Alongside that we haven’t had stable and sustainable public finances. They have never been on a stable path and have lurched from one sticking plaster to the next. The long-term health of the public finances has never been prioritised but instead short-term fixes have been the medicine. Northern Ireland has clearly suffered from the lack of multi-year budgets which has encouraged short-term fixes over long-term investment and public sector reform.

The absence of an Executive led to Secretary of State Chris Heaton-Harris imposing a budget at the end of April. This improved things at the margins in that there is now certainty in the budgets for the remainder of the year. But he didn’t provide financial Berocca and much needed financial rehydration. What he wants to see is the unsustainable fiscal lifestyle that Northern Ireland has been leading to change by making reform unavoidable.

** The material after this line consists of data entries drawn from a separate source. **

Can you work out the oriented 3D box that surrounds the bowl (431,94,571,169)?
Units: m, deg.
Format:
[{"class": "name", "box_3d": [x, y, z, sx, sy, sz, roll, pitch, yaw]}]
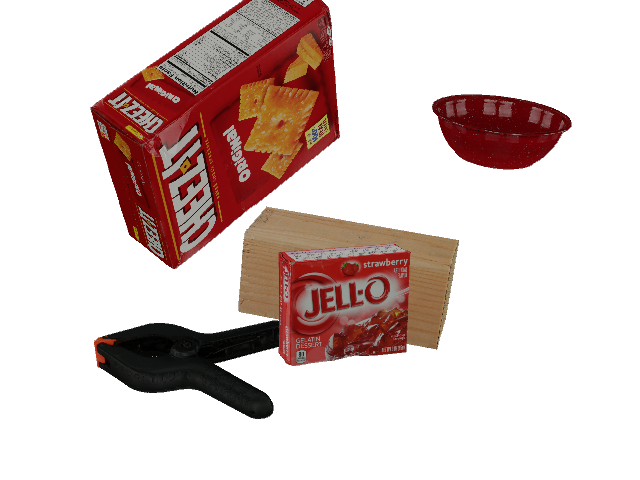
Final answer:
[{"class": "bowl", "box_3d": [0.207, -0.123, 1.244, 0.162, 0.055, 0.162, 4, 23, -2]}]

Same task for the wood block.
[{"class": "wood block", "box_3d": [0.029, 0.037, 1.091, 0.206, 0.091, 0.090, 10, 22, 10]}]

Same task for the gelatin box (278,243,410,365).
[{"class": "gelatin box", "box_3d": [0.016, 0.043, 0.728, 0.089, 0.073, 0.030, -4, 14, -20]}]

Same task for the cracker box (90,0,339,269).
[{"class": "cracker box", "box_3d": [-0.079, -0.100, 0.919, 0.072, 0.164, 0.213, 35, 62, 27]}]

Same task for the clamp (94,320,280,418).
[{"class": "clamp", "box_3d": [-0.107, 0.099, 0.930, 0.171, 0.039, 0.120, 11, 26, 11]}]
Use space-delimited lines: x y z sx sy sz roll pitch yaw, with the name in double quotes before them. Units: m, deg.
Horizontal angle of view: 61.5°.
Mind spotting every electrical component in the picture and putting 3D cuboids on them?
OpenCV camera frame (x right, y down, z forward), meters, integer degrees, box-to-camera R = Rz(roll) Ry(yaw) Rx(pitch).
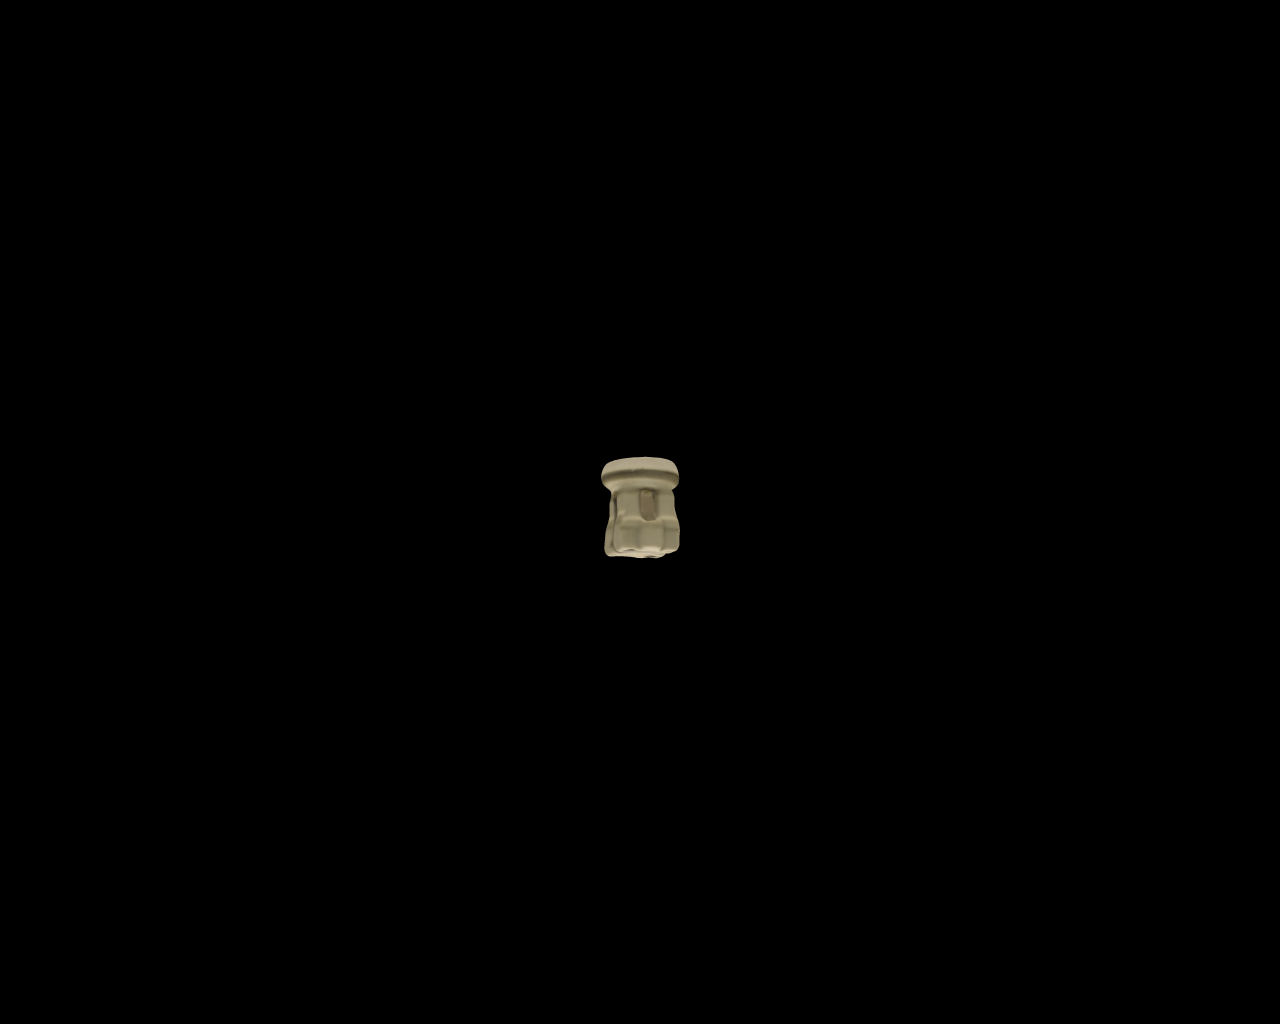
"electrical component" 0.001 -0.003 0.650 0.048 0.055 0.066 3 -10 -15

Northern Ireland has for too long taken the position of not raising enough revenue to meet its spending nor actively cutting its spending, but rather looking across the Irish Sea to Westminster for more money. Northern Ireland has kept taking the position that “diet starts Monday”. That approach has continued for 25 years but hasn’t worked. We haven’t become leaner, fitter nor more agile. Northern Ireland’s obsession with maximising the block grant rather than maximising good outcomes needs to be reversed with a new-found focus on outcomes. Financial ‘hair of the dog’ has prevented us from better government.

As NI Chamber of Commerce chief executive Ann McGregor said recently, the time has come to have a meaningful debate about how Northern Ireland is funded from Westminster to put us on a pathway to transformation. We just can’t continue on the road we have been on. The shaky political institutions and the shaky financial situation needed reinforced. Financially, there needs to be more strings attached to public spending such as ringfencing monies for investment and incentivising good policy behaviours.

The current financial challenges in the north will be creating political hangxiety. As things stand, incoming ministers will have in-trays from hell, with budget pressures and tough decisions the like of which their predecessors never had to face. Rather than doling out devolutionary goodies, they will be in the business of taking them back, reducing public services, and increasing other local charges and taxation.

So the Secretary of State will have to play a clever game over the months ahead to ensure the NI political parties are incentivised to go back into an Executive rather than be put off by the scale of the challenges that await. He also needs to ensure that a new NI Executive doesn’t continue on the fiscal path of before.

Given the context, we may also start to see electoral hangxiety, with voters realising that the financial pressures could lead to things like the introduction of water charging and higher rates bills at a time when their mortgage payments are going up. This could spook the politicians, leading to these difficult decisions needing to be taken by the Secretary of State.

History has also taught us that there is always some kind of financial package to get the Assembly back up and running and the reality is that this time might be no different in that respect. However, what we may well see is more strings attached to the deal this time, with the Secretary of State expecting difficult decisions also to be made whenever the politicians get back in. If it’s a choice between ‘cold turkey’ or ‘hair of the dog’, the reality will likely be somewhere in between.